Entries taken from a collection
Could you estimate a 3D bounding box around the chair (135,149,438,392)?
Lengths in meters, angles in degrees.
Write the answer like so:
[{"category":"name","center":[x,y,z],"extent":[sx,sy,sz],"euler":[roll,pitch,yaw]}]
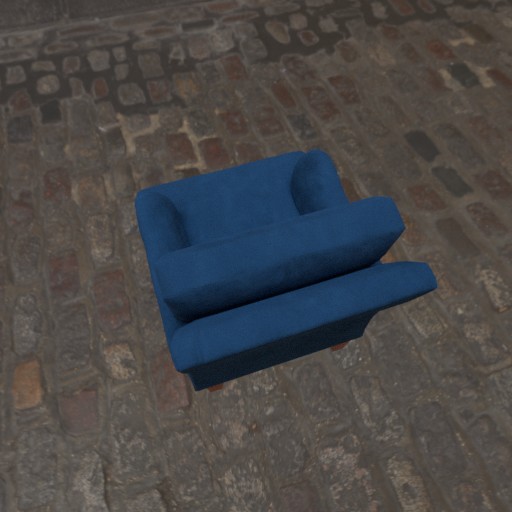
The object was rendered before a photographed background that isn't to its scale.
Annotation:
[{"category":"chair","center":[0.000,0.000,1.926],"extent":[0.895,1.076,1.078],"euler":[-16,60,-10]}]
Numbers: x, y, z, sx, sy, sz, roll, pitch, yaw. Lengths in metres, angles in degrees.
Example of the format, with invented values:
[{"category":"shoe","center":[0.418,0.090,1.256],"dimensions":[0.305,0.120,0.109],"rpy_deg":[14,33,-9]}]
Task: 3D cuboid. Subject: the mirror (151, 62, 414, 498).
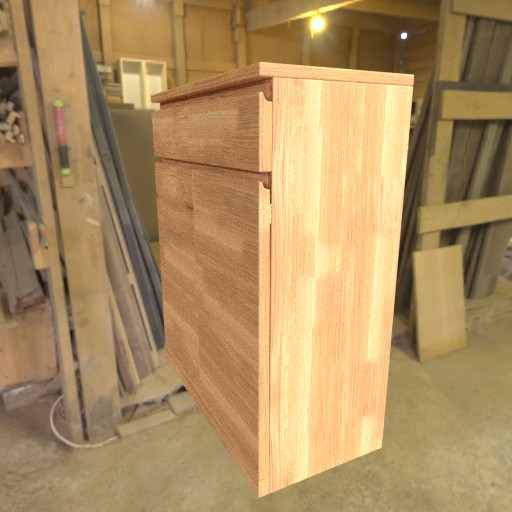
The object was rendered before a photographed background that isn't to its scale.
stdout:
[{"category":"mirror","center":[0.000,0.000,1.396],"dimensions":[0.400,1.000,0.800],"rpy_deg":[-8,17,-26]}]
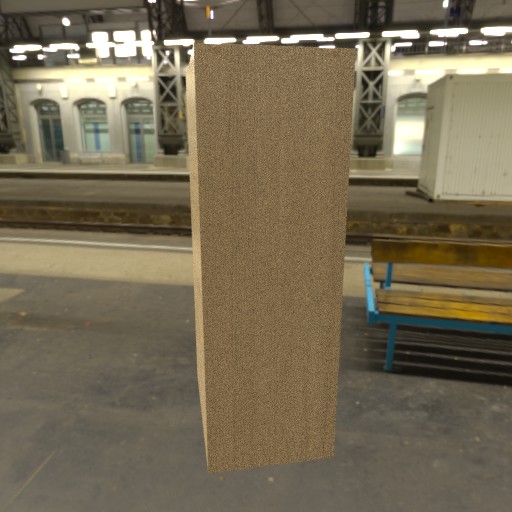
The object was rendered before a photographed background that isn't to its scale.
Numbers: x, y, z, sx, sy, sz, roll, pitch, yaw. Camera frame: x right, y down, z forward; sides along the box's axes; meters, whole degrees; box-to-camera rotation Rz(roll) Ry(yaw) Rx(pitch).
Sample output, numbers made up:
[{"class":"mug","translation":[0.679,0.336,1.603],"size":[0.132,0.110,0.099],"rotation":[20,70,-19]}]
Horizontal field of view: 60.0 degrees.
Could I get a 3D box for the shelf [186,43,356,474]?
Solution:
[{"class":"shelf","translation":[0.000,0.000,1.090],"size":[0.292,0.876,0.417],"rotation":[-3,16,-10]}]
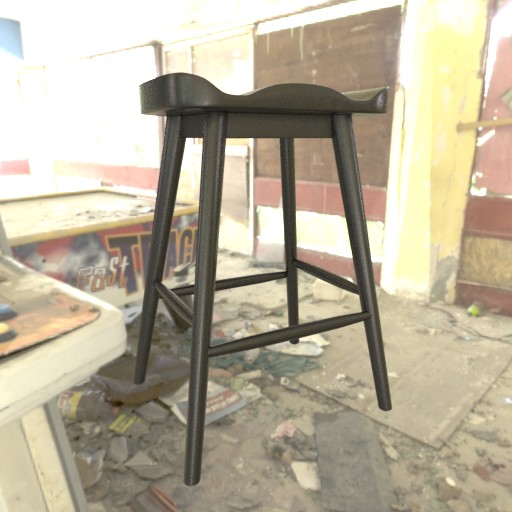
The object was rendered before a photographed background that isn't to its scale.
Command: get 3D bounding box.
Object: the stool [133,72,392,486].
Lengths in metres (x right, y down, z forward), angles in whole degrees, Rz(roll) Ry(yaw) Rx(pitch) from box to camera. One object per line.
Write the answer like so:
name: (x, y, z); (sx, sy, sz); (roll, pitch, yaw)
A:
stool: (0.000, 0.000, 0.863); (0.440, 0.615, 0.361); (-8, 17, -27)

> INSTRUCTIONS FOR THE TASK:
The response should consist of the entries above, given again exactly and free of pictures.

> SOLUTION:
Could you estimate a 3D bounding box around the chair (135,149,438,392)?
Lengths in meters, angles in degrees.
Write the answer like so:
[{"category":"name","center":[x,y,z],"extent":[sx,sy,sz],"euler":[roll,pitch,yaw]}]
The object was rendered before a photographed background that isn't to its scale.
Annotation:
[{"category":"chair","center":[0.000,0.000,1.926],"extent":[0.895,1.076,1.078],"euler":[-16,60,-10]}]
Numbers: x, y, z, sx, sy, sz, roll, pitch, yaw. Lengths in metres, angles in degrees.
Example of the format, with invented values:
[{"category":"shoe","center":[0.418,0.090,1.256],"dimensions":[0.305,0.120,0.109],"rpy_deg":[14,33,-9]}]
Task: 3D cuboid. Subject: the mirror (151, 62, 414, 498).
The object was rendered before a photographed background that isn't to its scale.
stdout:
[{"category":"mirror","center":[0.000,0.000,1.396],"dimensions":[0.400,1.000,0.800],"rpy_deg":[-8,17,-26]}]
The object was rendered before a photographed background that isn't to its scale.
Numbers: x, y, z, sx, sy, sz, roll, pitch, yaw. Camera frame: x right, y down, z forward; sides along the box's axes; meters, whole degrees; box-to-camera rotation Rz(roll) Ry(yaw) Rx(pitch).
Sample output, numbers made up:
[{"class":"mug","translation":[0.679,0.336,1.603],"size":[0.132,0.110,0.099],"rotation":[20,70,-19]}]
Horizontal field of view: 60.0 degrees.
Could I get a 3D box for the shelf [186,43,356,474]?
Solution:
[{"class":"shelf","translation":[0.000,0.000,1.090],"size":[0.292,0.876,0.417],"rotation":[-3,16,-10]}]
The object was rendered before a photographed background that isn't to its scale.
Command: get 3D bounding box.
Object: the stool [133,72,392,486].
Lengths in metres (x right, y down, z forward), angles in whole degrees, Rz(roll) Ry(yaw) Rx(pitch) from box to camera. One object per line.
Write the answer like so:
name: (x, y, z); (sx, sy, sz); (roll, pitch, yaw)
A:
stool: (0.000, 0.000, 0.863); (0.440, 0.615, 0.361); (-8, 17, -27)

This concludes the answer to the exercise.